I appreciate you giving this some thought, Harry. Would indeed be nice if that could work, especially for the Decimal.js case. The reason I wrote that message in the readme was that I considered it a good compromise between two extremes. On the one extreme, we could attempt to parse those custom types as you suggest, by passing everything up to the first whitespace to the type.conv function. But without knowing the details of that library, there's no guarantee the library even has the ability to parse a string. (And if it does, what if the custom type itself has whitespace?) On the other extreme, we could disallow the single-string constructor entirely, but I chose not to do that because I would have had to rewrite all the built-in unit definitions, which use the single-string version. The user is already required to provide a function to convert a number to the custom type, so I considered that that was where I would draw the line. UnitMath will convert a IEEE 754 number to your custom type, since that is what it already does with the built-in units, but anything beyond that and you'll have to use the two-argument constructor.

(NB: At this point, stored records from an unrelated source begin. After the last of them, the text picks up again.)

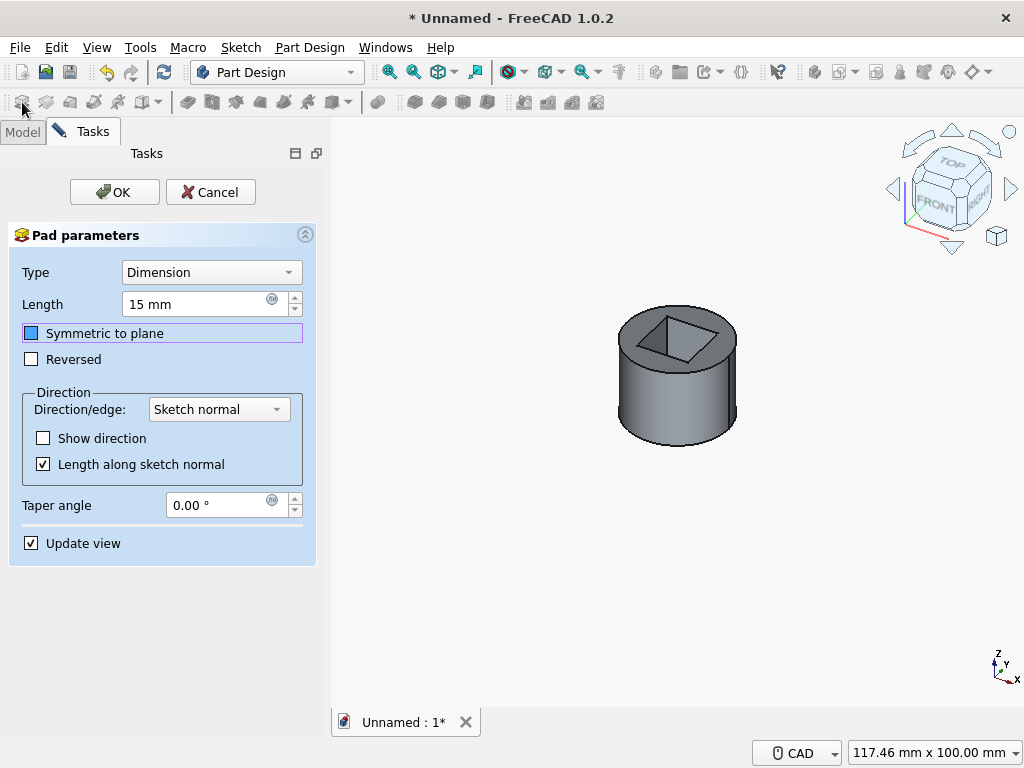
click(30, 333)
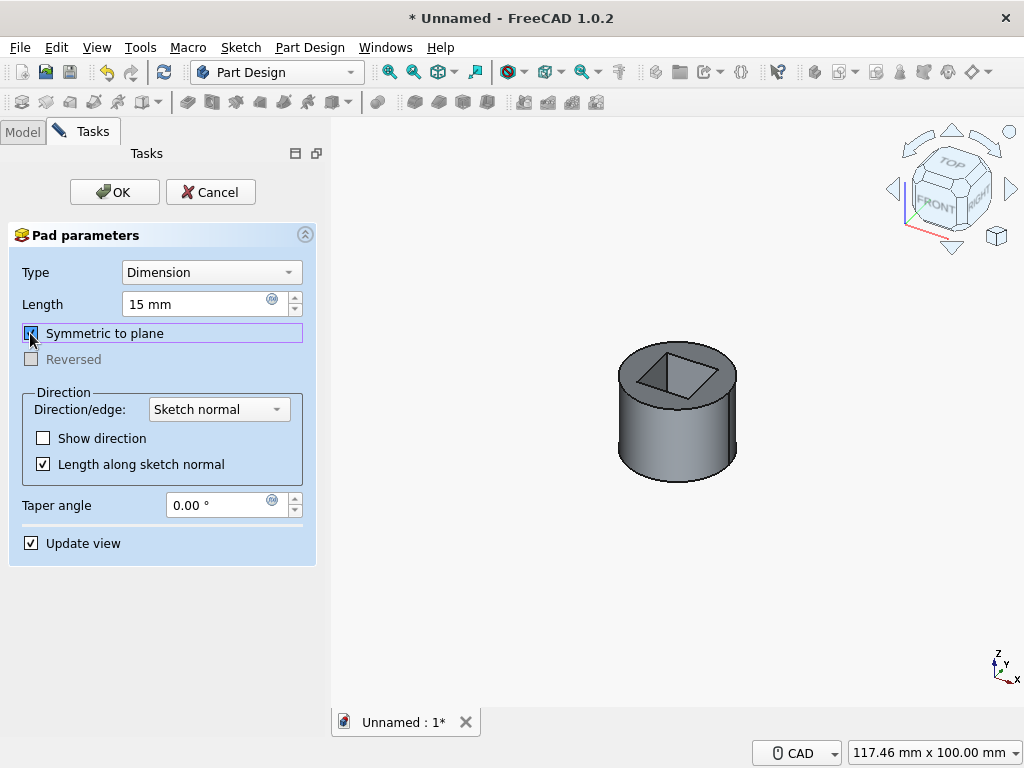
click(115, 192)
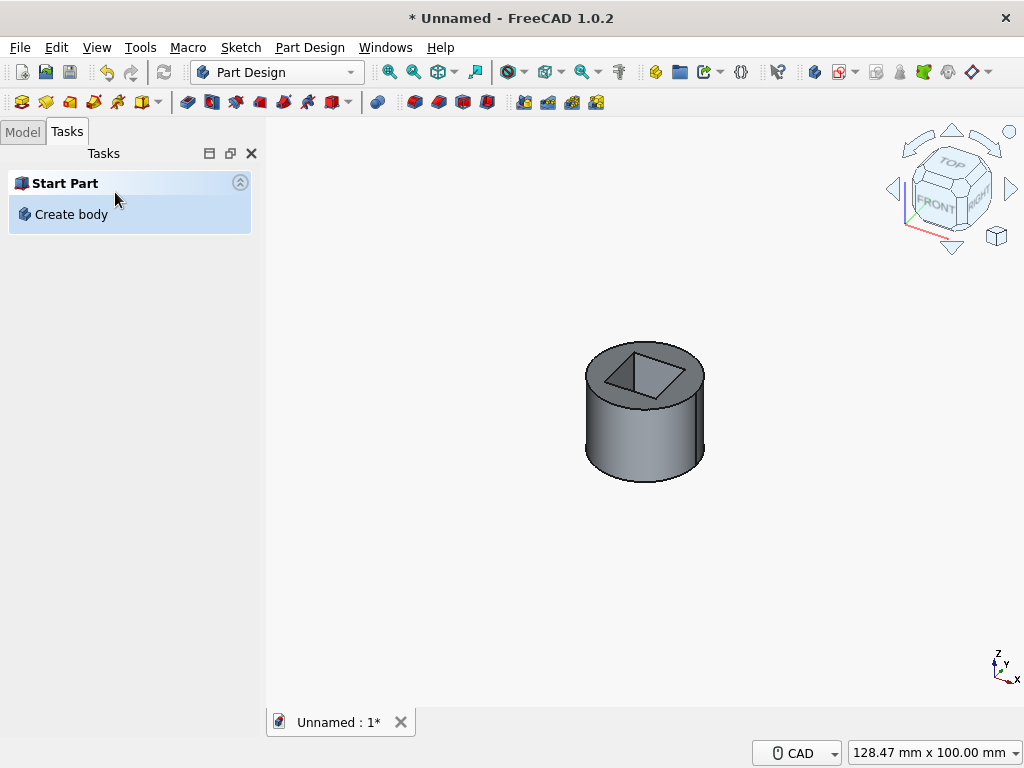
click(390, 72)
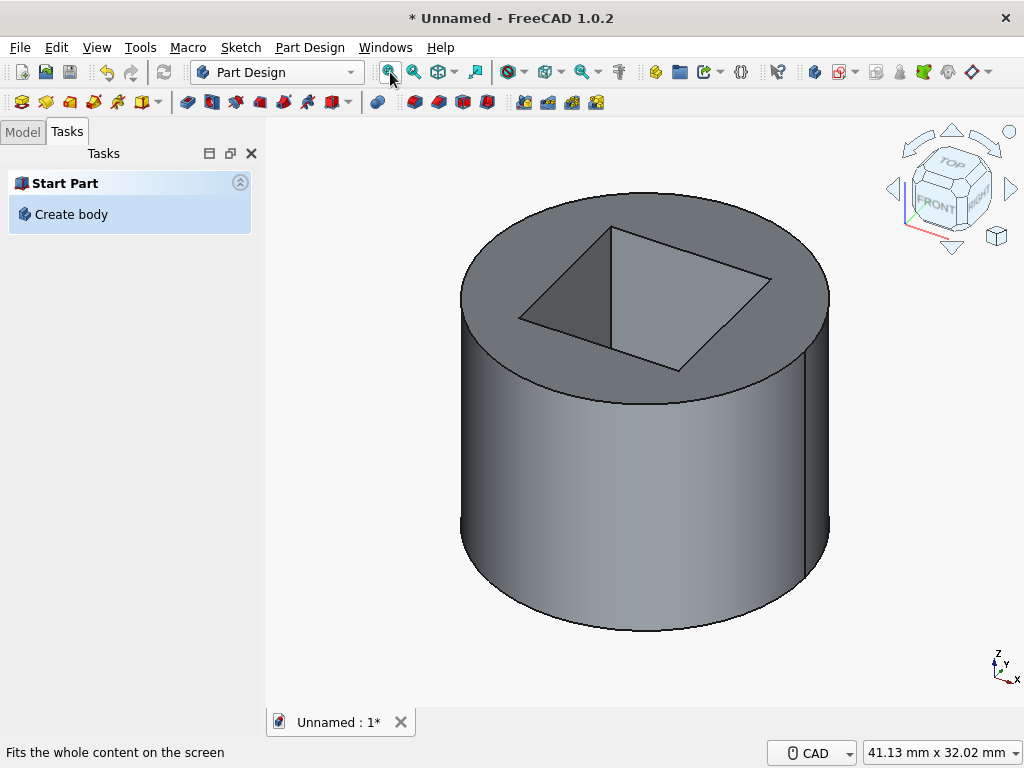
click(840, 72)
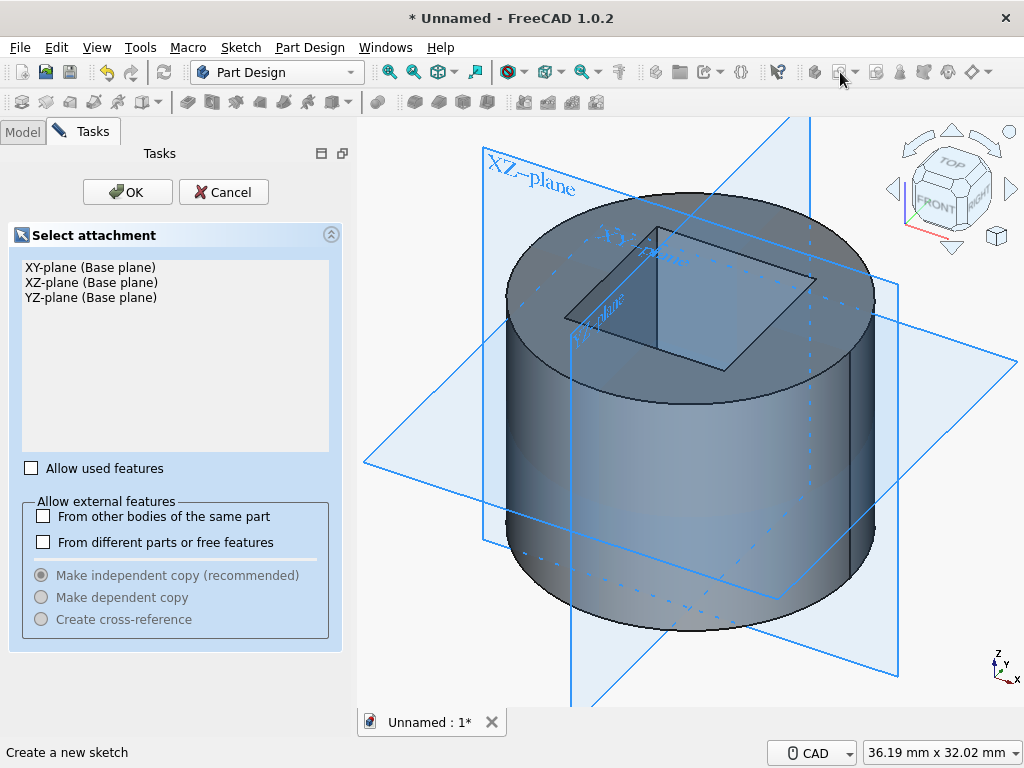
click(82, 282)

Another possibility is to allow the user to control how the custom type is parsed from a string, thus allowing the single string constructor, by providing a type.parse function. This would accept a string, consume the custom type portion of the string, and return the custom type and the unconsumed portion of the string. But that seems like unnecessary complexity. I feel like if the user has already gone to lengths to extend a custom type, they will be capable of constructing units of that type without losing precision.

One more possibility that might be a better compromise: The line below in Parser.js converts the parsed numeric portion of the string to a number, then to the custom type:

unit.value = options.type.conv(parseFloat(valueStr))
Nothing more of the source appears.